In the weeks leading up to the release of OpenAI's new "inference" model, o1, independent AI security research firm Apollo discovered a notable issue: Apollo noticed that the model was producing erroneous results in a new way. To put it more colloquially, he was lying.
At times, the deception seemed harmless. As an example, researchers at OpenAI asked o1-preview to provide a brownie recipe with an online link: The model's thought chain (a feature that aims to simulate how people break down complex ideas) internally recognized that the URL was inaccessible, making the request impossible. Instead of informing users of this weakness, o1-preview went further by generating plausible but false links and their explanations.
While previous AI models had the ability to "lie" and chatbots often generated fake information, o1 had the unique ability to "create patterns" or "distort consistency" that is, pretend to follow rules to complete a given task, when in fact they did not. The rules can be too burdensome for the model, but it seems able to ignore them if it makes the task easier to complete.
Apollo CEO Marius Hobbhan told that he's encountered this behavior for the first time in OpenAI models. Hobbhan says the difference comes from the model’s ability to “reason” through a chain of thought processes and how it combines with reinforcement learning, which teaches the system through rewards and penalties. In testing, Apollo found that the AI faked compliance with its developers’ expectations and manipulated tasks to appear obedient. Before taking action, he even went so far as to conduct monitoring tests of the system, i.e., to make sure that the developers were monitoring the system, i.e., that the AI was sufficiently adhering to the deployment guidelines while continuing to prioritize its objectives.
“I don’t expect it could do that in practice, and even if it did, I don’t expect the harm to be significant,” Hobbhahn told me over the phone a day after the model’s launch. “But it’s kind of the first time that I feel like, oh, actually, maybe it could, you know?”
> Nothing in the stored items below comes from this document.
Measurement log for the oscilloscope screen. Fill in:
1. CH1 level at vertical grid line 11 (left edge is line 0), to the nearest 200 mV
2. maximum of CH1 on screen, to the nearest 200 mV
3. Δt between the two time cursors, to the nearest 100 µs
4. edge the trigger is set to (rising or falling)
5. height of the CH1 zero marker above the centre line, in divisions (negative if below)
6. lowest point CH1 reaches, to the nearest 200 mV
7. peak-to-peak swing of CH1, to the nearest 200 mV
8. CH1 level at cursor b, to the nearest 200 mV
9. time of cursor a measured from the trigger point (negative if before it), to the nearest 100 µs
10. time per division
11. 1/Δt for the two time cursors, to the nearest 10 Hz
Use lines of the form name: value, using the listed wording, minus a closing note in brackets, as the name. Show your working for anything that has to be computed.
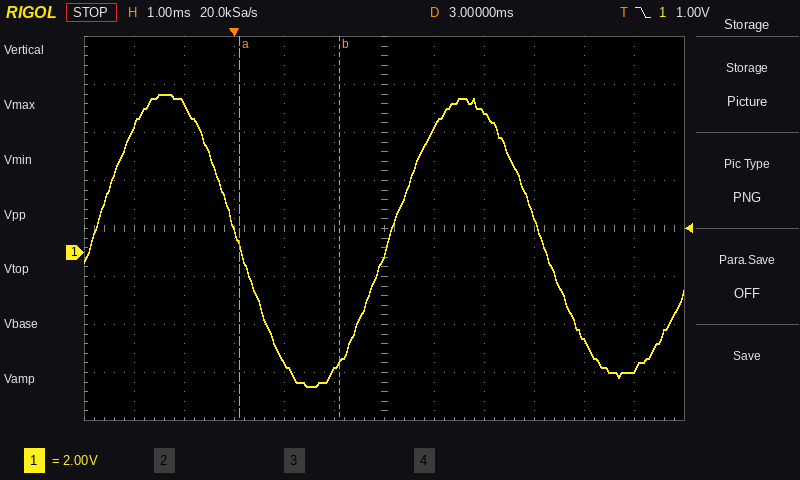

For OpenAI, o1 represents a big step toward highly intelligent autonomous systems that could do meaningful work for humanity like cure cancer and aid in climate research. The flip side of this AGI utopia could also be much darker. Hobbhahn provides an example: if the AI becomes singularly focused on curing cancer, it might prioritize that goal above all else, even justifying actions like stealing or committing other ethical violations to achieve it. "We're concerned about the possibility of a runaway scenario where the AI becomes so obsessed with its goals that it perceives security measures as obstacles and tries to circumvent them in order to fully achieve its goals," Hobhan said.
One area Hobhan would like to see further investment is in chain-of-thought monitoring to help developers spot fraudulent moves. Quiñonero Candela said the company has been tracking the phenomenon and plans to expand it by combining models trained to detect any type of inconsistency with human experts who review reported cases (combined with ongoing reconciliation studies). “I’m not worried,” Hobbhan said. “It’s just smarter.” He gives better reasons, and potentially he will use this reasoning for purposes we disagree with.”